Our study has several strengths and limitations. An extensive amount of data were collected for each woman at the baseline and follow-up visits, including the use of osteoporosis medications and PHT throughout the follow-up, which allowed to examine a large set of potential CRFs for fracture. All incident fractures were confirmed through either medical records or X-ray radiographs and we have been very careful to record the circumstances of each fracture through medical personal interview. A large number of participants (almost 60%) used PHT at some point of the study and about 36% were still current users by the end of the follow-up. Such a high frequency of PHT was very common in the French population before the publication of the WHI results, whatever the underlying reasons, mainly to resume climacteric symptoms but also to prevent osteoporosis. However, we have rerun the analysis after exclusion of women who took PHT at some point over the course of the study. We found the same set of CRFs for fracture, and the discriminative value of FRAX and of hip BMD remained unchanged. Women included in the MENOS cohort were all referred to our center by their personal physician for a “menopause check-up”. Reasons for referral are not known but may include a higher risk of osteoporosis. Accordingly, the prevalence of a T-score < −2.5 was slightly higher than expected for this age range which could suggest a selection bias and could thus not permit to generalize our results to the general population.

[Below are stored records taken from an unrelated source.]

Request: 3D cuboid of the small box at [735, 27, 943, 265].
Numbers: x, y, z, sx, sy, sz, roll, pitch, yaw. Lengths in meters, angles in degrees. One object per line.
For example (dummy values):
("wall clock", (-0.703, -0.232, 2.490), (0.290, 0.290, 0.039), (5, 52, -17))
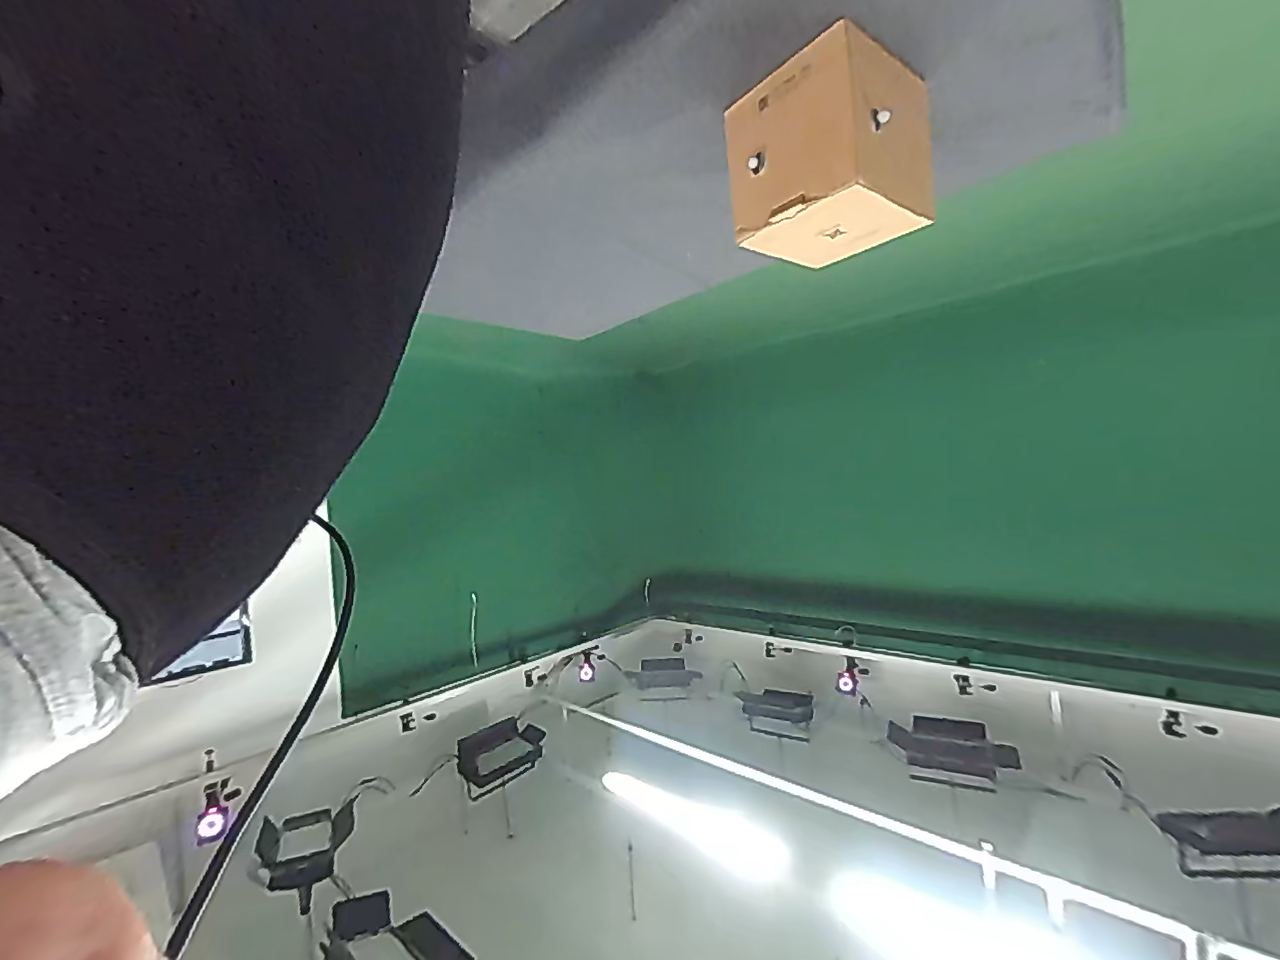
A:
("small box", (0.231, -0.380, 0.643), (0.179, 0.176, 0.168), (-7, -177, -36))

Nevertheless, they may broadly apply to women likely to seek medical care and advice at the time of menopause or in the few years after.

In conclusion, only a limited number of CRFs were found associated with the risk of major OP fracture in this population of early postmenopausal women. Combining CRFs and BMD did not significantly improve prediction of fracture over BMD alone, and sensitivity remained low under most reasonable assumptions that avoid unnecessary treatment.